On 18 April 1954, President Ramon Magsaysay announced his agreement in principle with the proposal of an anti-aggression regional alliance, provided that it has all the guarantees of NATO, adding two conditions: 1) the right of Asian nations to self-determination; and 2) full guarantee of US assistance in case of aggression.86 To avoid being the sole Asian and Third World nation member of a security pact once again dominated by the West, it was necessary for the Philippines to invite other Asian countries to join the alliance. On the other hand, following the USSR, the Geneva Agreement prevented Laos, Cambodia, and South Vietnam from joining the alliance directly. The United States, however, was not inclined to approve it; it did not want to build a security system as heavy a burden as NATO.
The result was a compromise : the Manila Pact or Southeast Asia Collective Defense Treaty, signed on 8 September 1954 by three of the former colonial powers of Southeast Asia, the United States, the United Kingdom, and France; the two most powerful states of the South-Pacific region: Australia and New Zealand; Pakistan, the
eastern part of which (today Bangladesh) was next door to Southeast Asia; and—in spite of the very name of the treaty—two Southeast Asian countries only, the Philippines and Thailand. The pact created what will be known as the Southeast Asia Treaty Organization (SEATO), although it did not properly imply a structure similar to NATO.
On the Philippines’ request, another document, the Pacific Charter, was signed on the same day by the same States, upholding the principle of “equal rights and self-determination of peoples” and promoting “the independence of all countries whose peoples desire it and are able to undertake its responsibilities”. As none of its numerous and tiny Pacific territories asked for independence at the time, France signed the Pacific Charter without any hesitation.
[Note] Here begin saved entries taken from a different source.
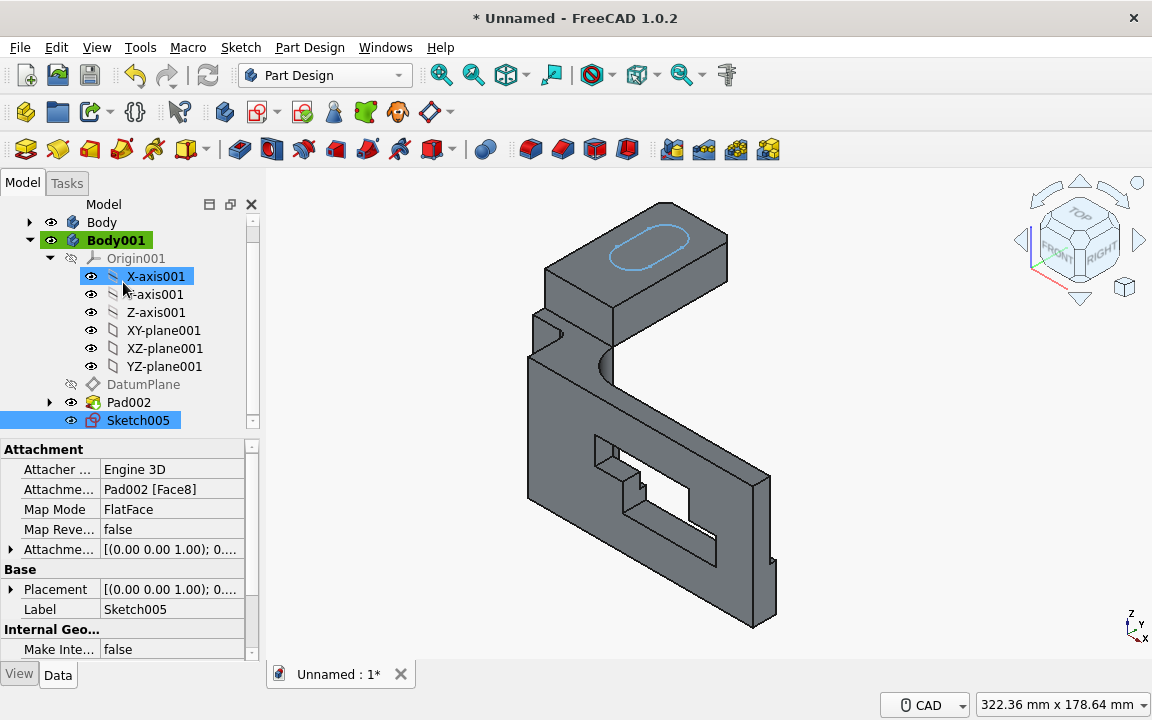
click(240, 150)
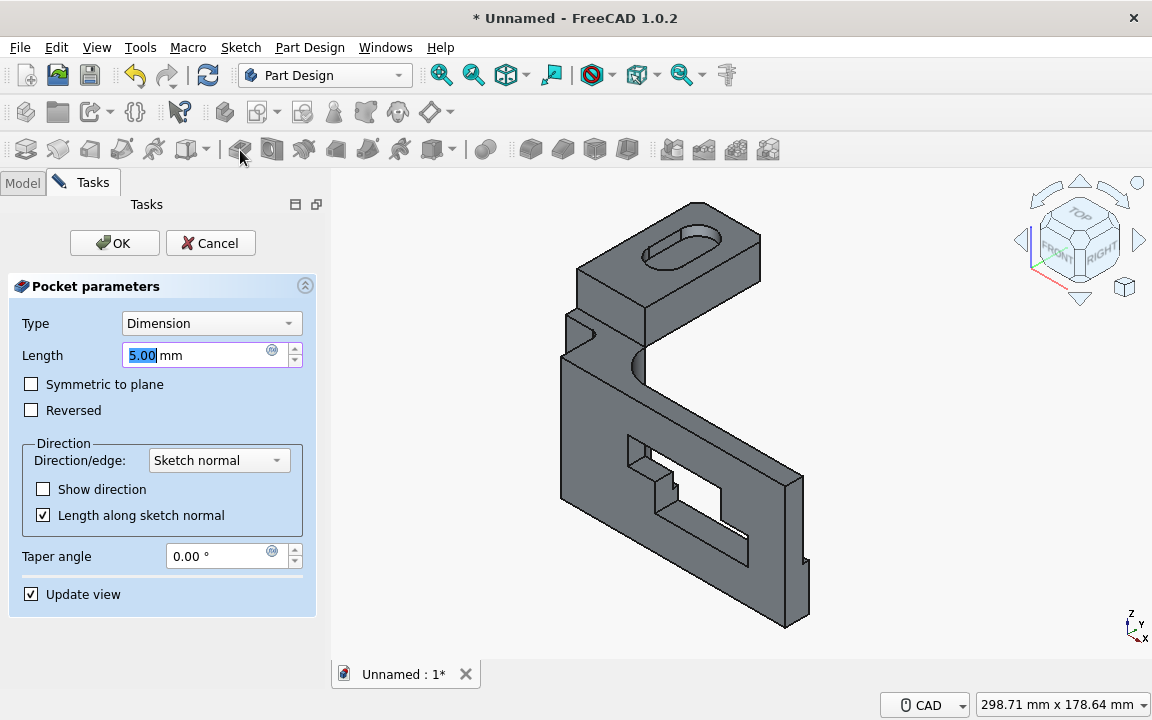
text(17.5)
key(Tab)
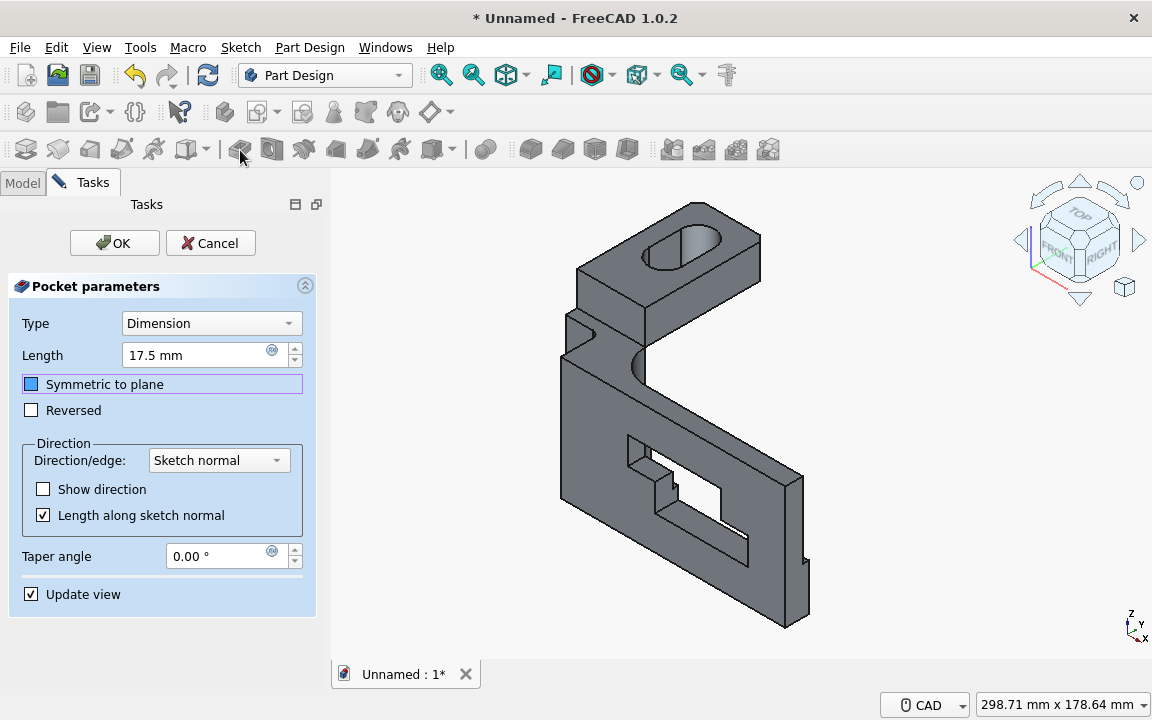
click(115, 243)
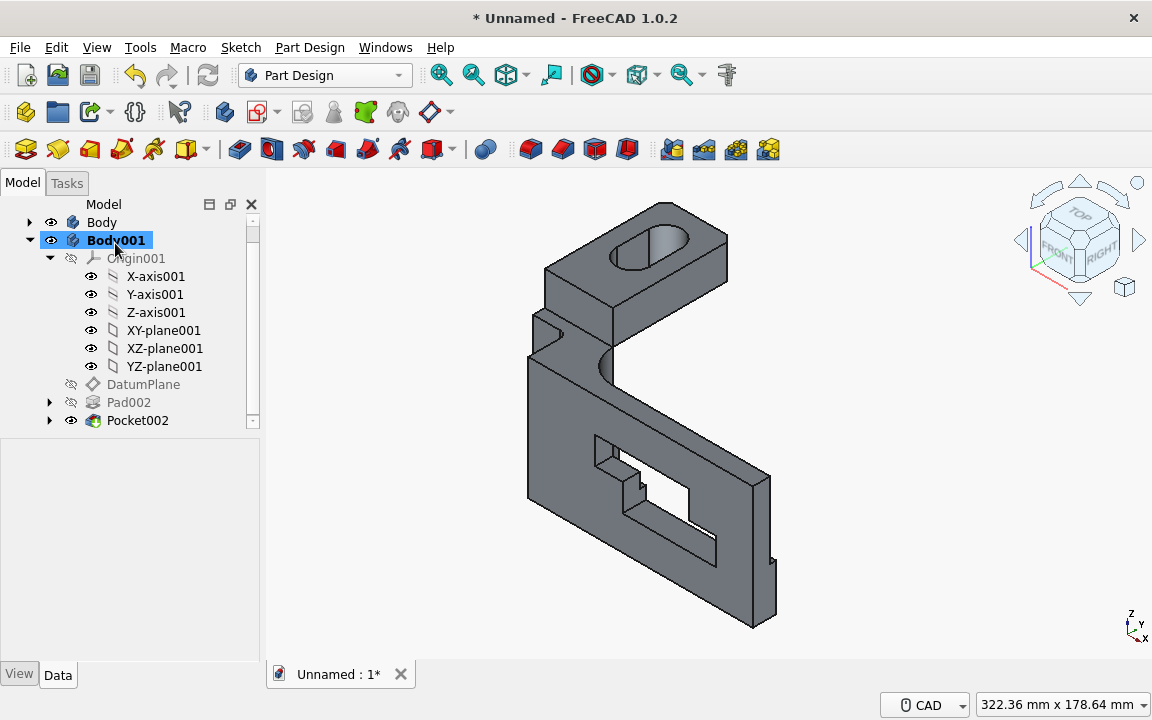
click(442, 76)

In October, the Philippines and Thailand joined the Colombo Plan, the main objective of which was to coordinate aid programs. The Plan had been initiated by the British through the Commonwealth in 1950. With American support, it was expanded beyond its original scope. Exhausted by the Indochina War, France chose not to participate in it.
The Philippines opened full diplomatic relations with Laos in January 1955 and South Vietnam in July 1955. At the end of 1955, the French Legation in Manila was upgraded to an embassy, in recognition of the Philippines’ role in SEATO and the Pacific region. On 19 January 1956, Jean Brionval presented anew his credentials to President Magsaysay. However, six months later, he was appointed Ambassador to Indonesia. Brionval’s successor was Georges Cattand, former consul in Shanghai in 1928 and Tianjin from 1929 to 1946, and later, from 1953 to 1956, as chargé d’affaires in China and Taiwan. The visit of former Prime Minister Antoine Pinay in Manila in October 1956 confirmed the importance of the country for the French authorities. In July 1957, the Philippines normalized relations with Cambodia, effectively closing the issue of the decolonization of the Associated States of Indochina.